His words coaxed more chills, and neither the blanket nor his jacket could keep me warm at his admission.

“I realized I had to be in control going forward. To feel in power because”—he closed his eyes—“I’d given over almost all of the control in my marriage to Rebecca. So much so I’d wound up losing most of myself. I resented her while we were married. Blamed her for pushing me to make decisions I didn’t agree with and for becoming someone I couldn’t look at in the mirror. Seconds before she died, I told her over the phone I hated her.” He’d sped through the rest, and I let the blanket fall, prepared to go to him.

Sensing my reaction, he opened his eyes and held up his palm, a request to wait and hear him out before I came to him. “I didn’t realize until this week, until being with you, what it was like to be someone’s equal. And Christ, it feels so fucking good.”

Holy shit. My heart. I couldn’t not go to him now. I nearly tripped trying to get to him, too, but he caught me as I launched myself forward, hurling myself against him. I buried my face against his chest, and he held on to me.

After a few minutes of just coexisting, he continued, “I finally figured out this week why I married a woman like Rebecca, a woman who was all wrong for me. I had issues with my mother, ones I never recognized before.” His heartbeat pounded into my ear, and I knew this was probably one of the hardest conversions he’d ever had. “Growing up, my mother dictated everything that ever happened in our family, right down to not letting us have a dog.

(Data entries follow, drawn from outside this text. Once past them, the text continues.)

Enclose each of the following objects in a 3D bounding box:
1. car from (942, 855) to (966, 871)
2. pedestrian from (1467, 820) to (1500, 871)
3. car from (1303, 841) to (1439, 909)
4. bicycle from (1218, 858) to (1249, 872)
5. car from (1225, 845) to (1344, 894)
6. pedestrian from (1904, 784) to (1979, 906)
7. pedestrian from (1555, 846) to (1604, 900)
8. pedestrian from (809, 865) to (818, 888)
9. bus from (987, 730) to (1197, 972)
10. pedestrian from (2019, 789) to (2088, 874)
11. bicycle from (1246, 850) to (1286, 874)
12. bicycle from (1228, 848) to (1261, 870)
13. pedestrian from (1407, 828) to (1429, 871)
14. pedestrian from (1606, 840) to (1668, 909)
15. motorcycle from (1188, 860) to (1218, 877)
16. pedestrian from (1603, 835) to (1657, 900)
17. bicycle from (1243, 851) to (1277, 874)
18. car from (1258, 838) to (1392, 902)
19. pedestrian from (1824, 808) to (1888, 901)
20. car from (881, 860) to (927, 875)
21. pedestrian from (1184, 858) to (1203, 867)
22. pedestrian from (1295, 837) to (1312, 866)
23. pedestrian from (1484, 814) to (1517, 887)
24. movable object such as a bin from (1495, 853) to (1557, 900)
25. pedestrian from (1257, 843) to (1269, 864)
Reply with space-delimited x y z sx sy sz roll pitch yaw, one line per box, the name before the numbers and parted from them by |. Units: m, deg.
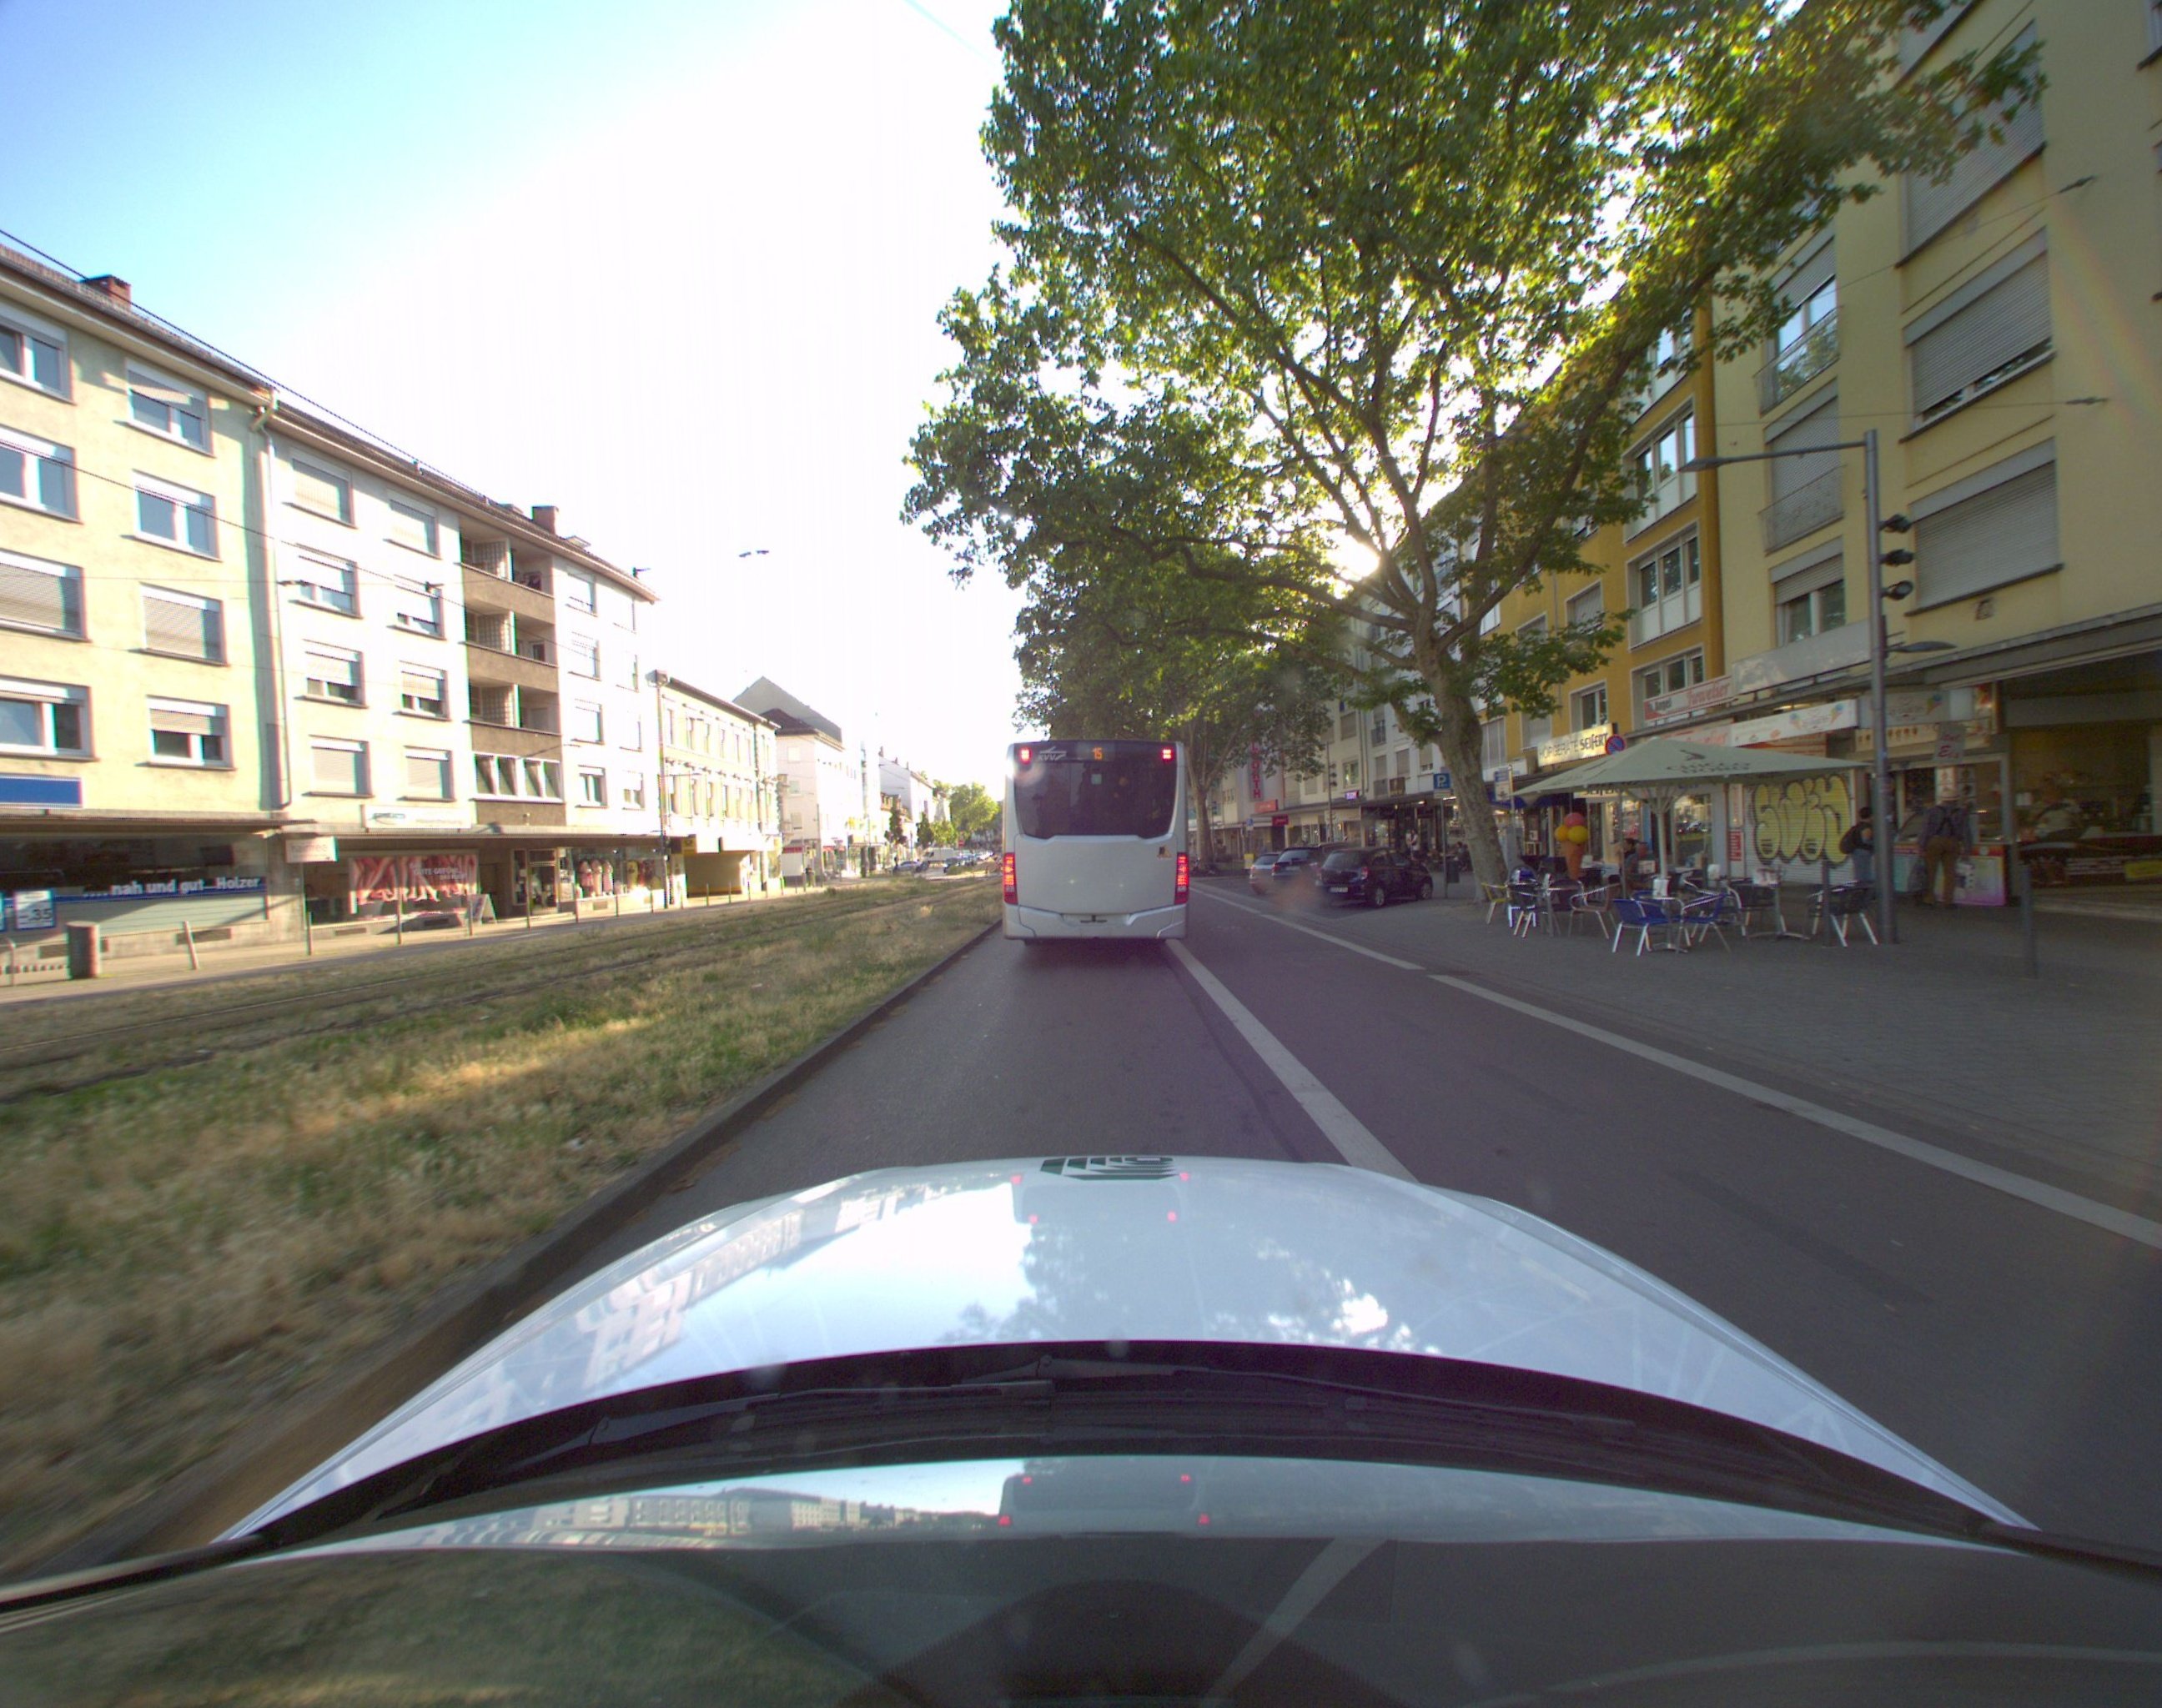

Dad would’ve named him Dallas.” He paused for a moment, emotion choking him up. “The man was so in love with her, though, he let her walk all over him. He took up smoking, most likely to cope with the side effects that came with loving a woman like her, and lung cancer eventually stole him from the both of us.”

I lifted my chin to peer up at him, and his eyes were once again squeezed closed. “I’m so sorry,” I whispered, a few of his tears hitting my face.

“My father had always been obsessed with time, worried he wouldn’t have enough to do everything he’d hoped to do in life,” he continued, his voice still strained, and if I could possibly squeeze him any tighter, I would’ve.